The output of the embbedding layer is the concatenation of all the embedded vectors and the normalized dense features: x<sub>0</sub> = [x<sub>embed,1</sub>; . . . ; x<sub>embed,𝑛</sub>; x<sub>dense</sub>]. Below, we build a stacked structure shown in Figure 2(a). Basically, it starts with an input layer (typically an embedding layer), and then the input x<sub>0</sub> is fed to the cross network, containing multiple cross layers that models explicit feature interactions, and then followed by the deep network. At the last step, we connect the final layer to the `BinaryClassificationTask` head for doing binary classification.

In [13]:
dcn_body = (
    ml.InputBlock(schema,
        embedding_options=ml.EmbeddingOptions(embedding_dim_default=16),
        aggregation="concat",
    )
    .connect(ml.CrossBlock(3))
    .connect(ml.MLPBlock([512, 256]))
)
model = dcn_body.connect(ml.BinaryClassificationTask("rating_binary"))

In [15]:
model.compile(optimizer="adam", run_eagerly=False)
train_loader = get_dataloader(nvt.Dataset(train_paths), shuffle=True) 
losses = losses = model.fit(train_loader, epochs=3)

print('*'*20)
print("Start evaluation")
eval_loader = get_dataloader(nvt.Dataset(eval_paths), shuffle=False) 
eval_metrics = model.evaluate(eval_loader, return_dict=True)

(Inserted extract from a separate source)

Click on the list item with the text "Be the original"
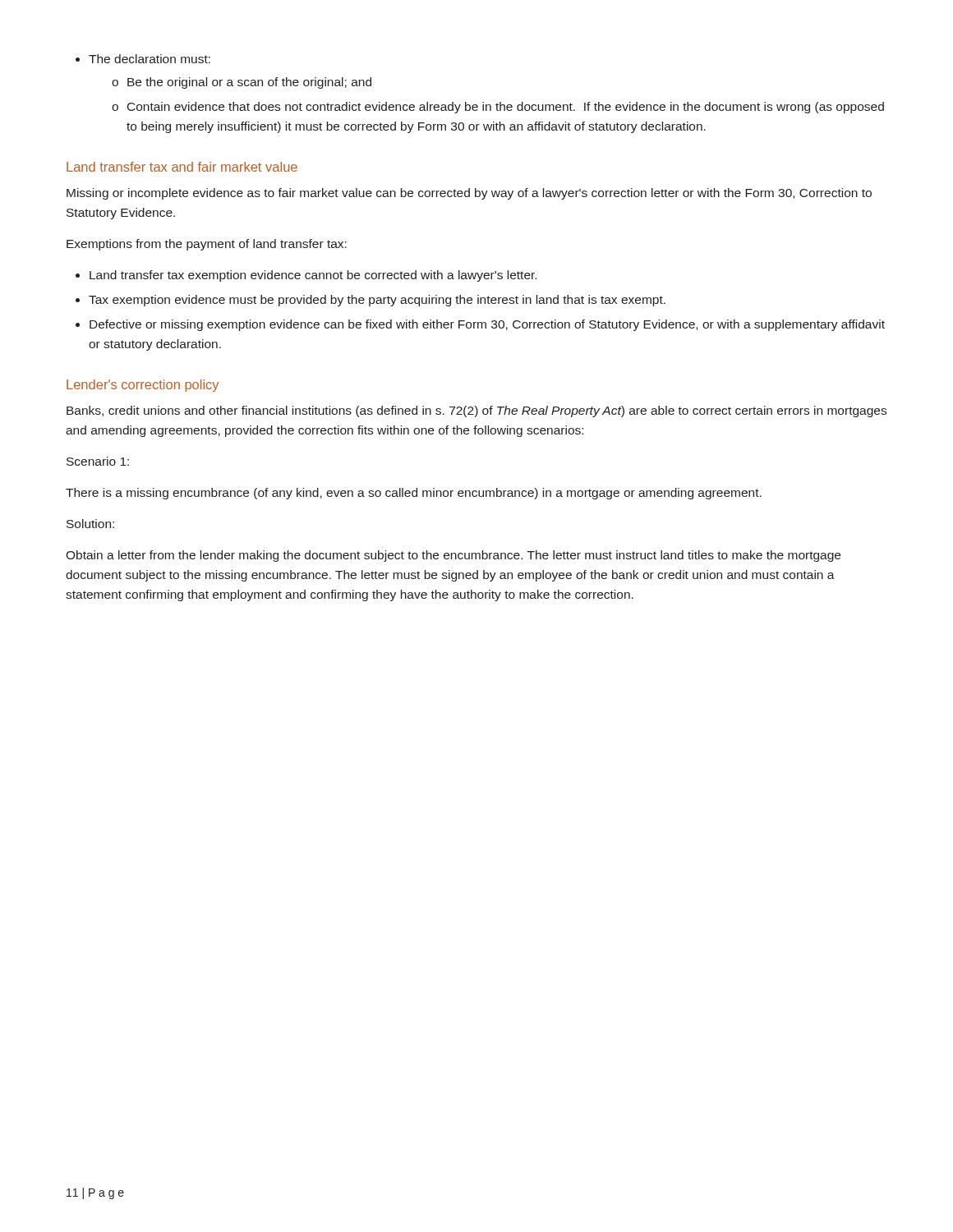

2022-02-01 01:24:11.423250: W tensorflow/python/util/util.cc:348] Sets are not currently considered sequences, but this may change in the future, so consider avoiding using them.
2022-02-01 01:24:12.341618: I tensorflow/compiler/mlir/mlir_graph_optimization_pass.cc:185] None of the MLIR Optimization Passes are enabled (registered 2)


Epoch 1/3
Please report this to the TensorFlow team. When filing the bug, set the verbosity to 10 (on Linux, `export AUTOGRAPH_VERBOSITY=10`) and attach the full output.
Cause: annotated name 'output' can't be nonlocal (tmpskqv39bh.py, line 36)
Epoch 2/3
Epoch 3/3
********************
Start evaluation


Just like that, with couple lines of codes we are able to build state-of-the-art Deep Learning-based Recommender Systems models.